Location
- Ward No.1, At & Post:Khimat - 385545, Dhanera Taluka, Gujarat Khimat, 385545 India 24°29′44″N 72°11′12″E﻿ / ﻿24.49547°N 72.18664°E

Information
- Type: Private school
- Established: 2012; 14 years ago
- Founder: Jogani Family
- Grades: 9–12
- Gender: Co-Ed
- Affiliation: Gujarat Secondary and Higher Secondary Education Board

= TMS Jogani High School =

TMS Jogani Vidhyala is a co-educational High School located in Khimat Village of Dhanera Taluka of Vav-Tharad district of Gujarat, India. The full name of school is Smt. Taraben Manchhalal Samjibhai Jogani Vidhyala.
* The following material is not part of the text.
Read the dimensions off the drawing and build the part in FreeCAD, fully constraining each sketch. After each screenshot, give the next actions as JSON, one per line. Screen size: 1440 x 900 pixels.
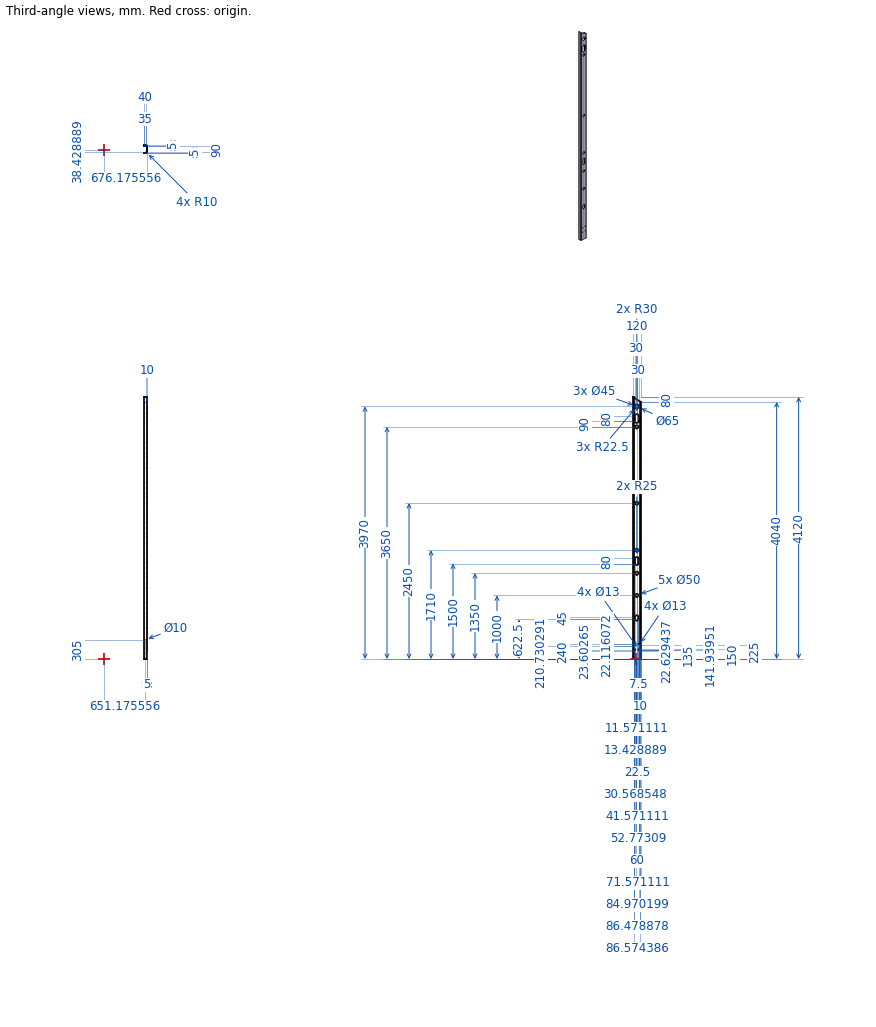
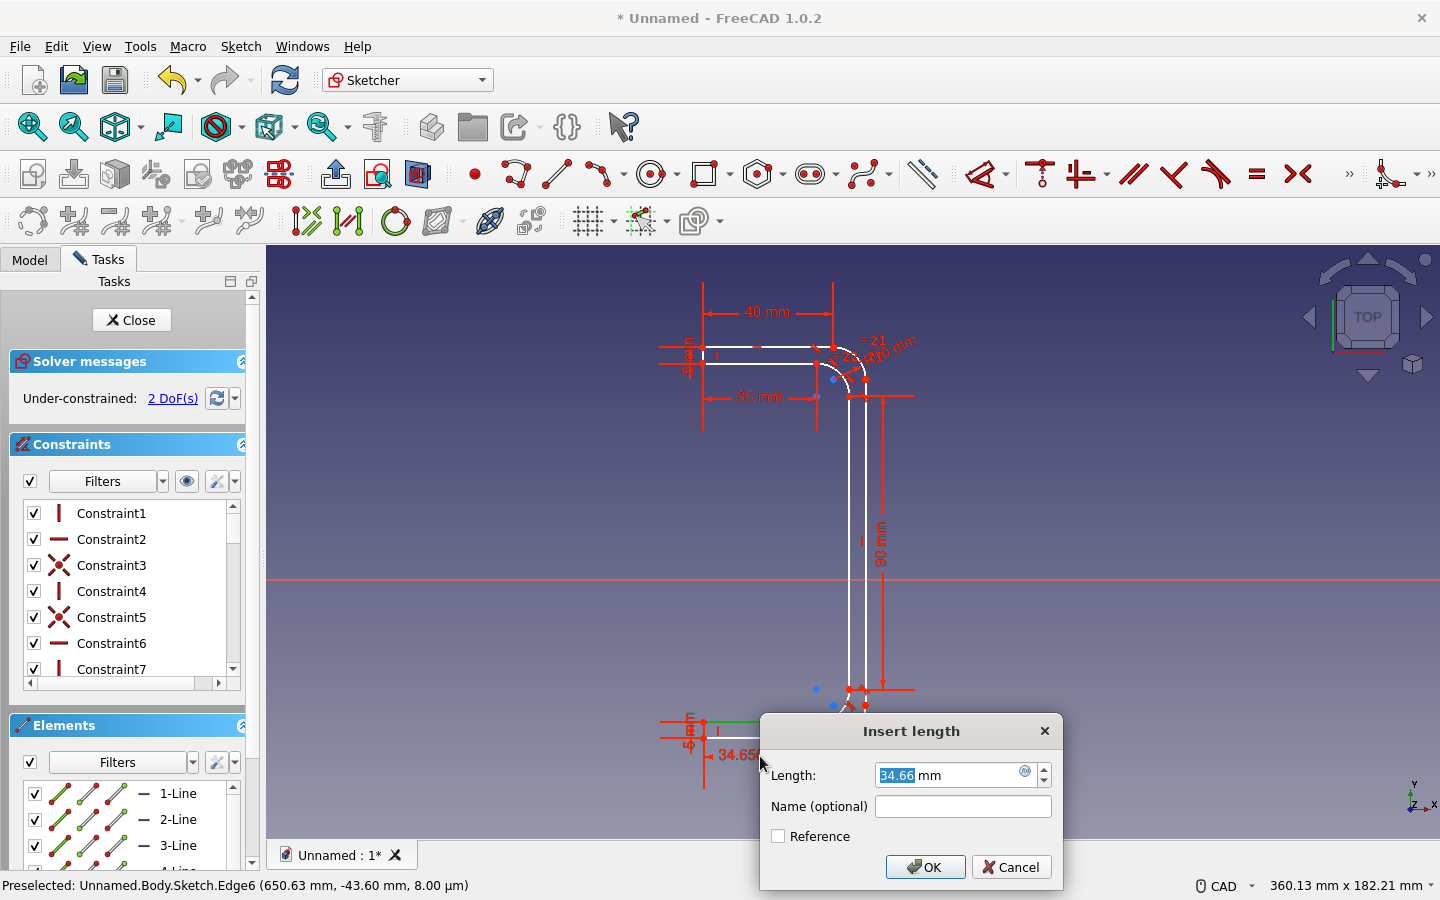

It is named after founder and chief donor Jogani family's mother, which they named as a memorial to her.

The high school was established in 2012, and it grew out of TMS Jogani Jagruti Primary School. Firstly, Primary School was founded in 1997, which consists of class from 1st to 8th. As need for high school arose, the trustees decided to start high school in village, so students do not have to go out of village for higher classes. Thus in 2012 TMS Jogani Vidhyala was founded, which consists of class of 9th to 12th.

The school is privately run school, run by private charitable trust. It is affiliated to Gujarat Secondary and Higher Secondary Education Board

The school also often organises many social, cultural, quiz and educational programs. The Gujarat State Health department under National Tobacco Control Program also held awareness and drugs awareness and de-addiction program in school in 2022.